Chains rattled and spun off their reels above. He whipped around to see a wall of stone drop from the ceiling.
It slammed down with a sepulchral boom, covering the doors.
The many voices of the darkness hissed, “Fool! Idiot!”
He darted forward into the darkness. Adeline spun her mirrored scepter and redirected the light from above into the man’s eyes. He squinted, shielding himself with his free hand. Adeline ducked into the darkness behind the altar.
The man squeezed the trigger and sent the crossbow bolt into the black.
It clanked hollow against stone.
The shadows laughed.
He fished through his tattered clothes and wrestled the sword from its scabbard, swung the blade at the shadows and found no purchase.
“Show yourself!” he demanded.
Adeline stepped into a column of light nearer to him, but still out of reach. She held her dagger near her breast. “Your ignorance undoes you,” she hissed.

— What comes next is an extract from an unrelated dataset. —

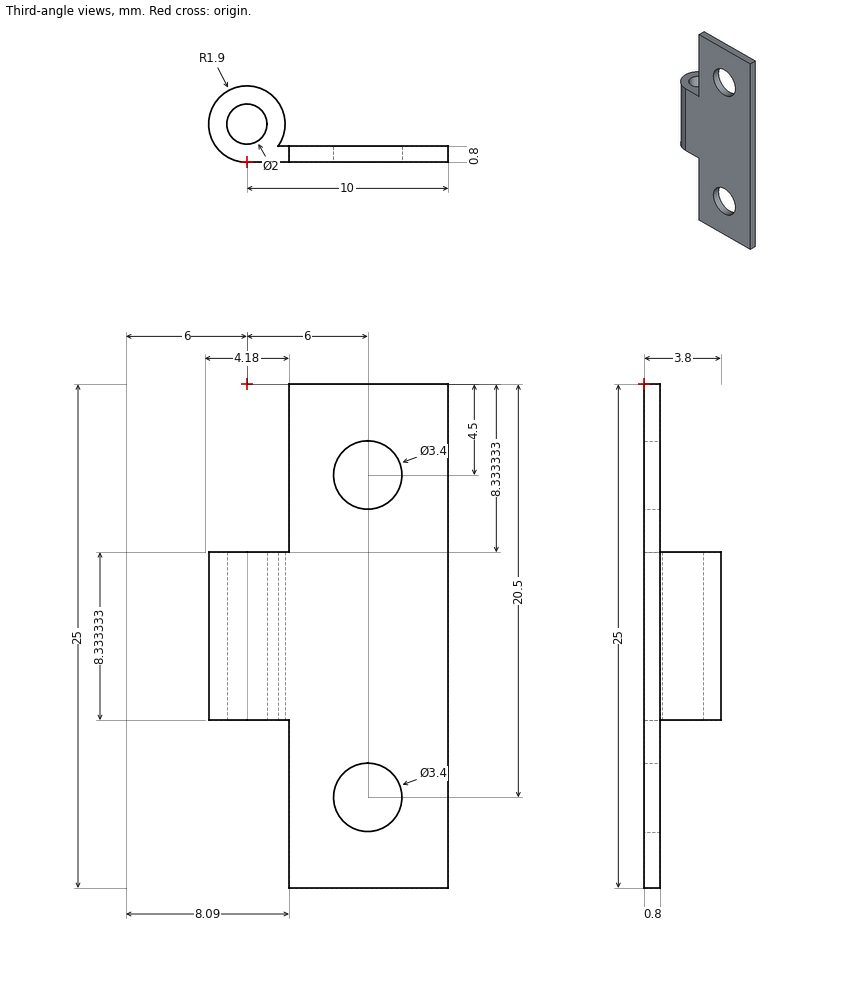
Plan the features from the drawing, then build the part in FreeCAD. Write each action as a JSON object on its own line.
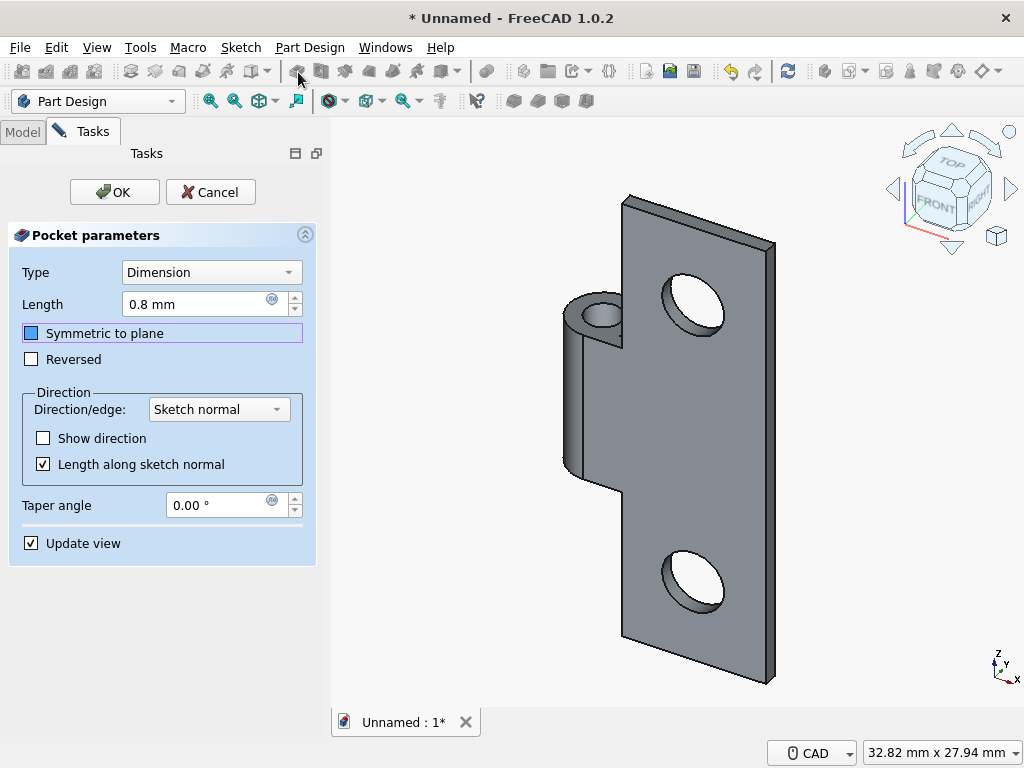
{"action": "left_click", "coordinate": [115, 192]}

He drew his sword up to block whatever spell she cast. A sharp, hot pain bit at his inner thigh. He fell to one knee and clutched at the pain. His glove came back dark with blood; only then did he notice the glint of red on her dagger’s blade. Putting his weight on his sword like a cane, he staggered up. Consciousness pumped out of his wound, dizzying him as his legs stumbled beneath him. White fog bloomed from the center of his vision.
He found himself on his back, staring up at a hole of light in the ceiling. Adeline was cradling his head in her lap with her warm hands. She had removed her costume’s eye patch, and her two crystal blue eyes stared down at him.

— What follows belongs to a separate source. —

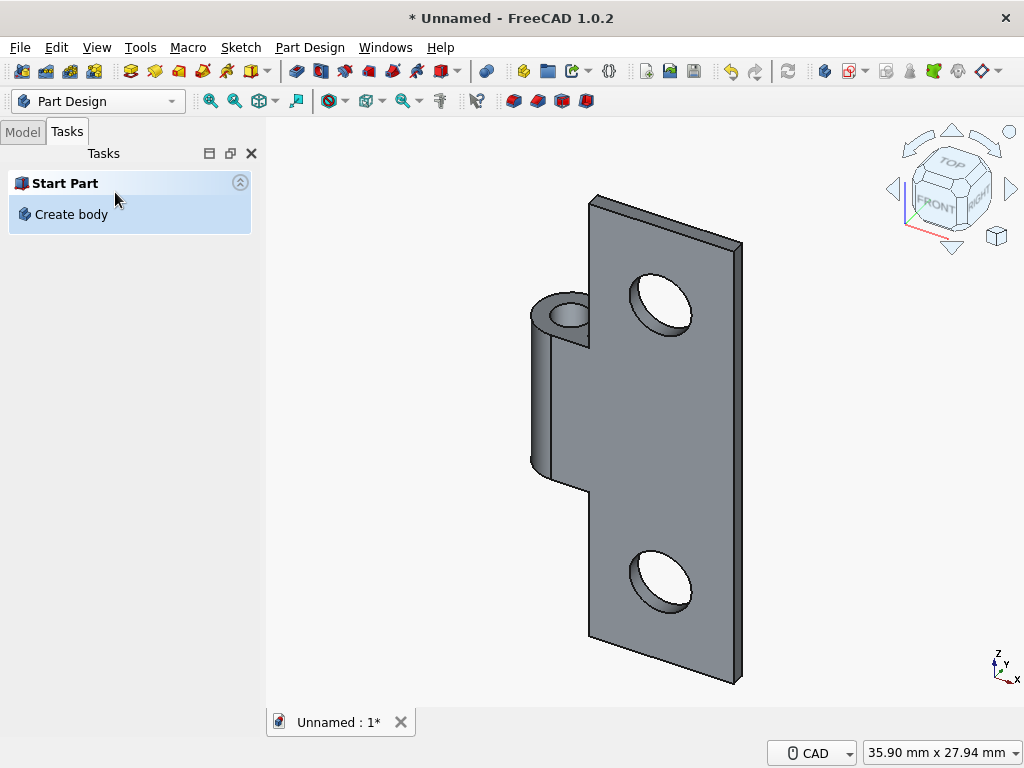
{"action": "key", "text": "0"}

She pointed up above, and loud, heavy chains thundered inside the ancient church. The black pulled away from the ceiling, the shafts of light following it in sync. The entire roof was set on metal rails, and could shift at her will, allowing light into whatever corners of the building the stagehands, the witches, chose.
She was joined by four others: another young woman, two strong men, and an old crone. The four of them rolled the would-be knight onto a sheet. “One, two, three,” the man on his right said, and they lifted him off the floor. “Lucky he isn’t covered in mail,” one of the women remarked. Hers was the singing voice that whispered to him from the black.

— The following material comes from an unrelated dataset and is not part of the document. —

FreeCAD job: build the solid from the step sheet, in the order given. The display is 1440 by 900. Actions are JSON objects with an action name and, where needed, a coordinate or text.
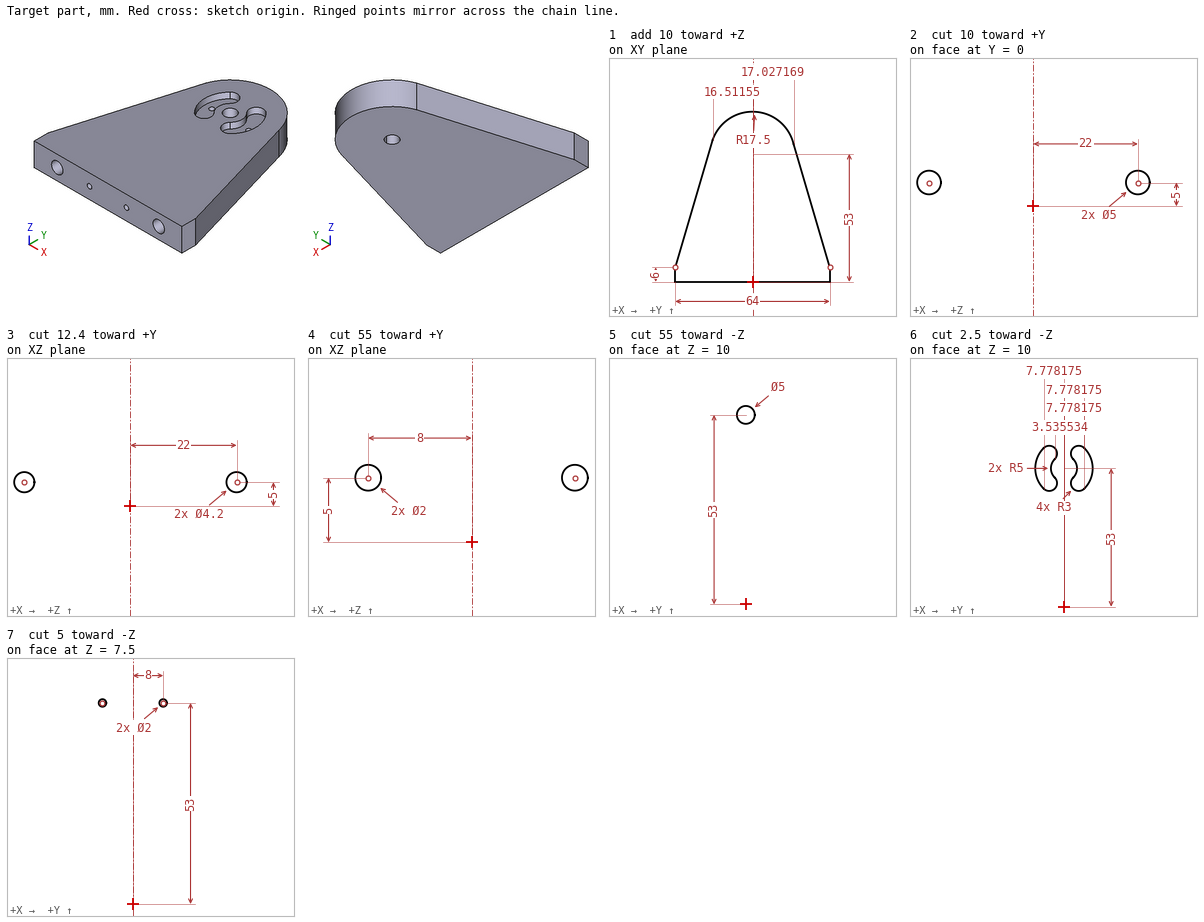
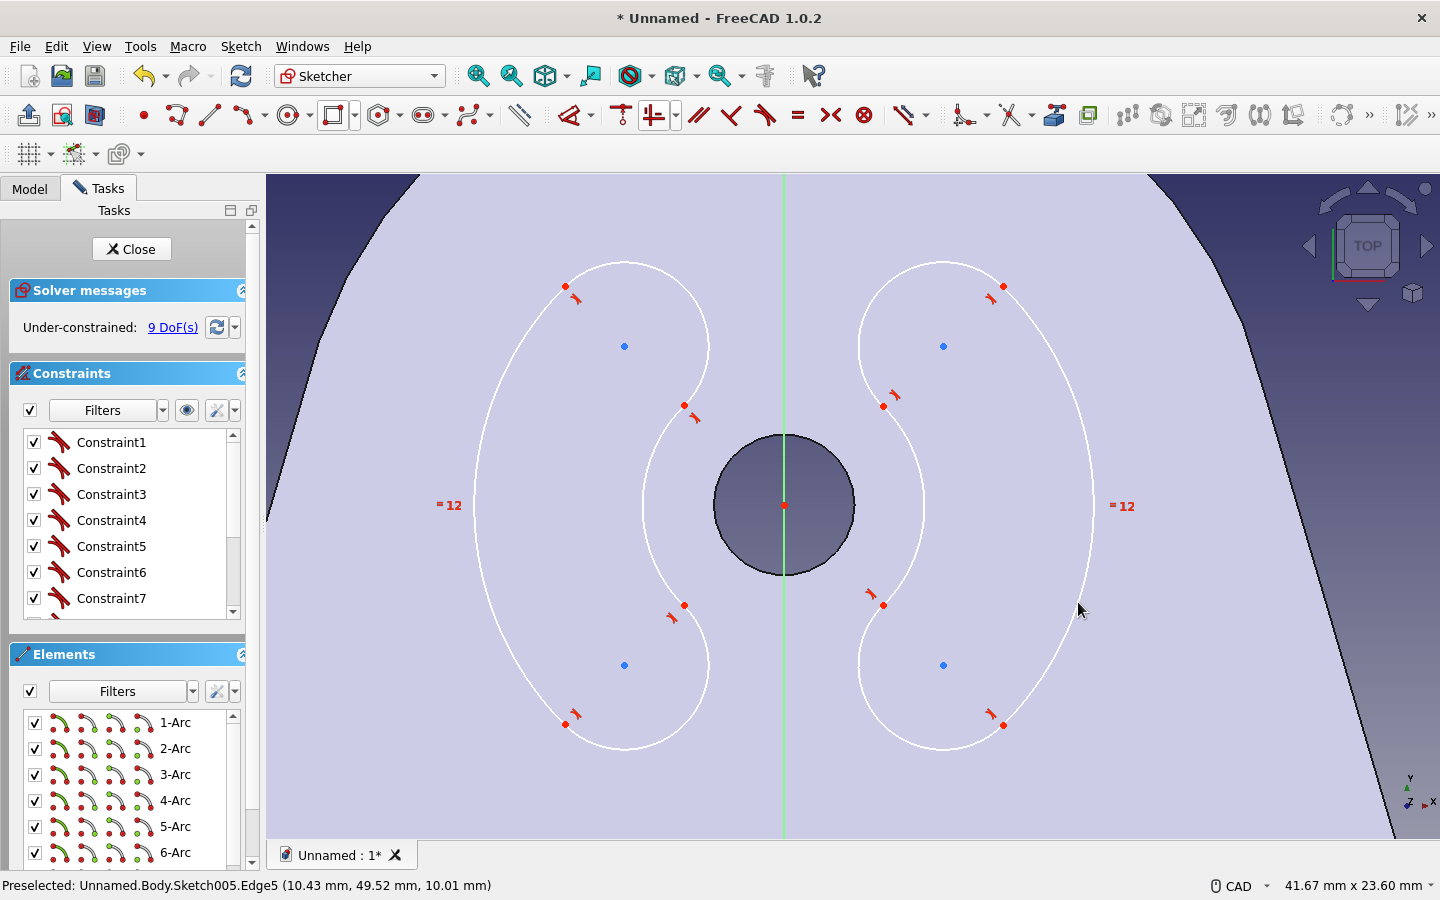
{"action": "left_click", "coordinate": [638, 749]}

As they carried him to the altar, he could see the ruined building for what it really was – an illusion. The great cathedral was not in disrepair. The only broken pews were those placed in the pools of light. The floors were clean and swept, the grand stone pillars held their shape, and the boarded-up or cloth-draped windows were unbroken. The skulls, however, were in fact the skulls of the dead.
They set him on the white slab, and two more young women rushed forth. His hands and feet were roped off and tied to anchors in the floor. They cut his clothes away from him.
The old crone held out an empty hand. “Numbing oils.” Acting under orders, Adeline opened a cabinet beneath the altar and pulled out a flask. She handed it to the old woman as the two men held the man’s mouth open. The old woman poured the oil into his mouth. “No need for the fool to die in pain,” she remarked. She held the empty vial up and an assistant drew it away. “Unlike the well-fed knights, he won’t have any impeding fat to keep us from diagramming the muscular system. He’s thin enough to begin our maps of the spinal structures.”
“I’ll bring pen and ink,” one of the men said as he turned from the altar.
“And the trough for discarded viscera!” the old crone screeched after him. Lifting her hands to the ceiling, the old crone bowed her head, and the others followed. “To you here on the altar, we thank you for your sacrifice, given against your consent. You will be mourned and honored. If the soul is immortal, may yours find its way peacefully back to the creator. May your skull be seen by others as a warning and by us as a reminder of gratitude.”
Lying naked on the altar with his mind fading, the man saw hundreds of pre-made wreaths hung above him. The smell of pine and juniper flooded his dulling senses. The man could hear the knife puncture his chest and peel his skin away, but he could not move or feel. There was no escaping that each one of those skulls accounted for at least one page of knowledge in their ever-growing tomb of medicinal exploration, and his would soon join them.